How many users can one Wi-Fi access point support?

Sounds like a simple question. However, no matter how much you search, you can’t seem to find an answer. The reason is simple, it depends…

Let’s adjust the question slightly first. Let’s talk about devices when we are discussing technical aspects. Each user can have up to five devices (yes: laptop, tablet, work phone, personal phone, watch, weather station, internet radio…)

What are the user expectations or requirements?

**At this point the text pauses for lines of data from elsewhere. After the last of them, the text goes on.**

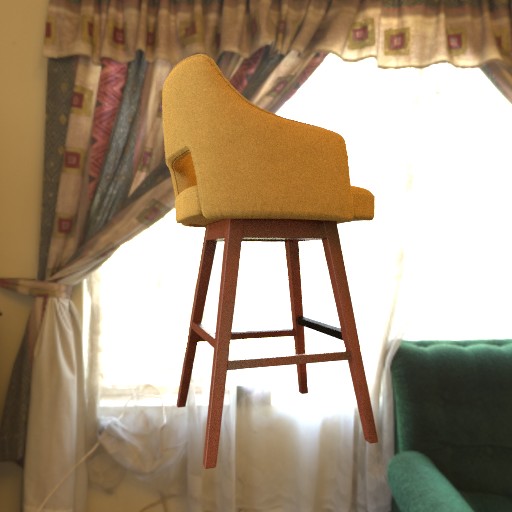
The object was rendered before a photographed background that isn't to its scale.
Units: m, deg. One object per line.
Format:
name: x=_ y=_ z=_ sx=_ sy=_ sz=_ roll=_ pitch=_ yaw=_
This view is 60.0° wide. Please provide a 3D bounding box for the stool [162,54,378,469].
stool: x=0.000 y=0.000 z=1.340 sx=0.558 sy=1.012 sz=0.548 roll=0 pitch=0 yaw=-18
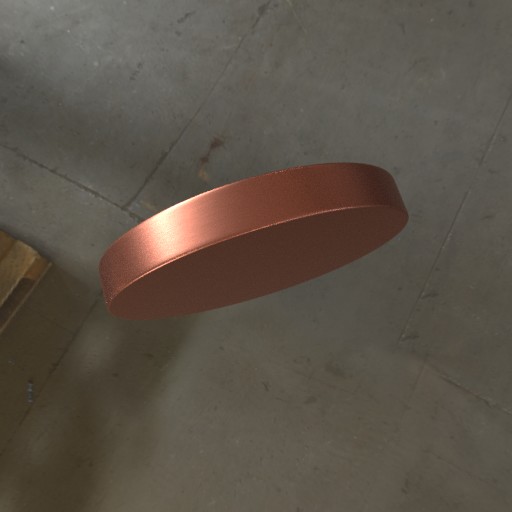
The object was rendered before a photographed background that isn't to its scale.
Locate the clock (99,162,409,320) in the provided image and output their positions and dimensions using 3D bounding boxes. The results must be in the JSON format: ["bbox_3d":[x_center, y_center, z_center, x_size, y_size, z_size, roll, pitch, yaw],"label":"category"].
[{"bbox_3d":[0.000,0.000,0.470,0.313,0.313,0.040,-16,76,-4],"label":"clock"}]
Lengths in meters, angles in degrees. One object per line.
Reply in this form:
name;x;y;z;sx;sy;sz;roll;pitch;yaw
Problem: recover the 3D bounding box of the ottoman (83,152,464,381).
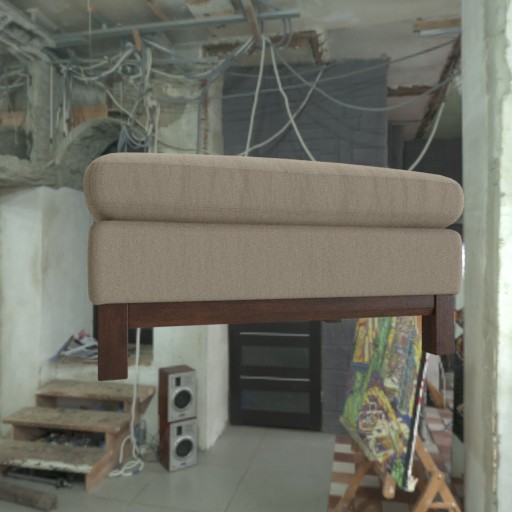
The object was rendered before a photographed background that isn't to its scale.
ottoman;0.000;0.000;1.097;0.771;0.420;0.606;0;-1;-17
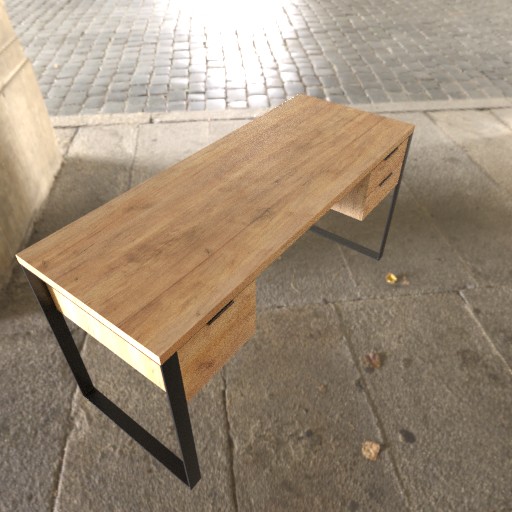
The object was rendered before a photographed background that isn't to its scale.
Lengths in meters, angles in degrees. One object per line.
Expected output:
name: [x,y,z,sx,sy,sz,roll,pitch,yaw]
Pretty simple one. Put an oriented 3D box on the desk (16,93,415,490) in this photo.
desk: [0.000,0.000,1.855,0.600,0.760,1.520,26,48,27]
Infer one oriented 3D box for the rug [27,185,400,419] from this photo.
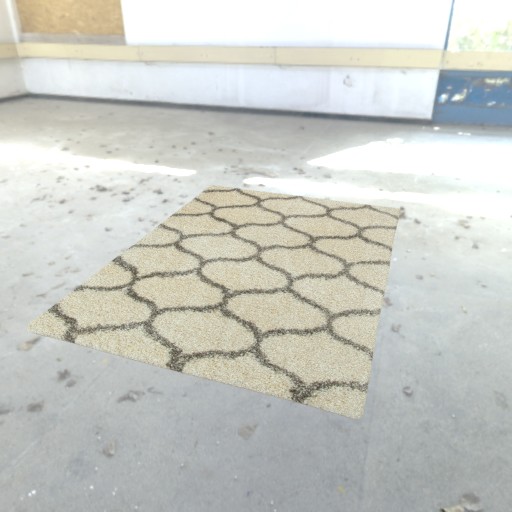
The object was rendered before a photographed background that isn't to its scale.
[{"bbox_3d":[0.000,0.000,2.078,1.200,0.025,1.600,10,30,17],"label":"rug"}]
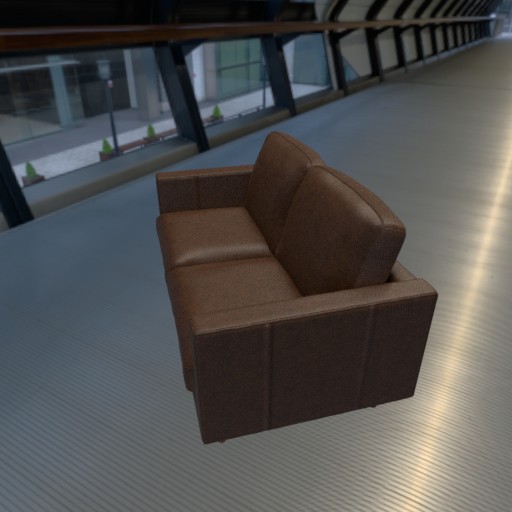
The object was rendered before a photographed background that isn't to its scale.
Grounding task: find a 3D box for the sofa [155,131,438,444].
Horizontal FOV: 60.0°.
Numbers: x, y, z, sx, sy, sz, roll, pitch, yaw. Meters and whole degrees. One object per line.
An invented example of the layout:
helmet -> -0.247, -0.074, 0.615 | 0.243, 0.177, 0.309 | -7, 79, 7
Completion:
sofa -> 0.000, 0.000, 2.219 | 0.909, 0.951, 1.578 | -8, 30, -13
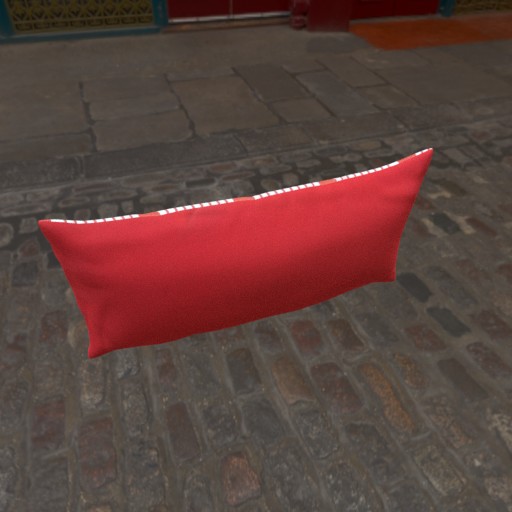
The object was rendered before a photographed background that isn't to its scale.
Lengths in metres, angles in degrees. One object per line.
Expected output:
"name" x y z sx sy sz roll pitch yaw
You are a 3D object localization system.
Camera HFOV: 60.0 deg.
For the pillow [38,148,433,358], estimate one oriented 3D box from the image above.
"pillow" 0.000 0.000 0.745 0.608 0.297 0.151 -13 42 -14
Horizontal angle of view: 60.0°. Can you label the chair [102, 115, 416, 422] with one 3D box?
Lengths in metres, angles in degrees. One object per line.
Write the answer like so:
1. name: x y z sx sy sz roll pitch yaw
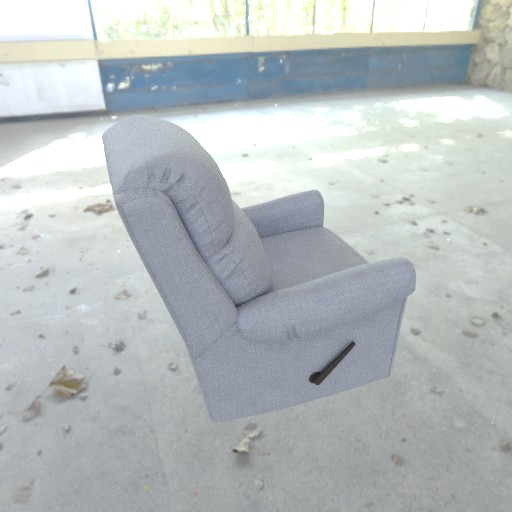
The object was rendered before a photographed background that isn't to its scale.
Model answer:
1. chair: 0.000 0.000 1.779 1.014 1.054 0.838 -10 31 -17
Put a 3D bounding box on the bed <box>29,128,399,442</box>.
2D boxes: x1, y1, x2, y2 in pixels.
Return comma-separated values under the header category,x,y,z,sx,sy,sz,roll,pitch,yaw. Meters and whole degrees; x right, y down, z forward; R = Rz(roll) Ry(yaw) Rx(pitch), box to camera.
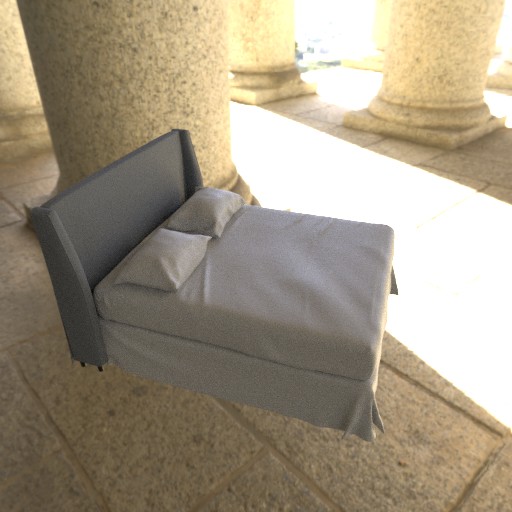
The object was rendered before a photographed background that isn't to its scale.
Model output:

It is a completely different matter to serve 40 IoT devices that occasionally transmit sensor data than to serve 40 user devices displaying separate 4K video streams each. VoIP calls like Skype won’t transfer that much data, but they are very sensitive to delays (called latency) and fluctuation in the delay (called jitter). So you first need to find out what kind of applications the users have in mind. The problem is that this is a moving target. Each time you improve the network the users will find uses for the new capacity. That means the expectations and requirements will be totally different next year.

Limited air time

Wi-Fi is a shared media, which means the devices compete for air time. While one device is transmitting the others are receiving or at least wait in silence. (802.11ac introduced MU-MIMO which allows concurrent transmission for a few devices at a time, but this hasn’t changed the situation significiantly.) The net result is that as the number of devices grows so does the queue of devices waiting for a turn to transmit, which will increase latency and jitter.

The more data is transferred the higher is the utilization, which increases the wait times as well, since the turns are longer.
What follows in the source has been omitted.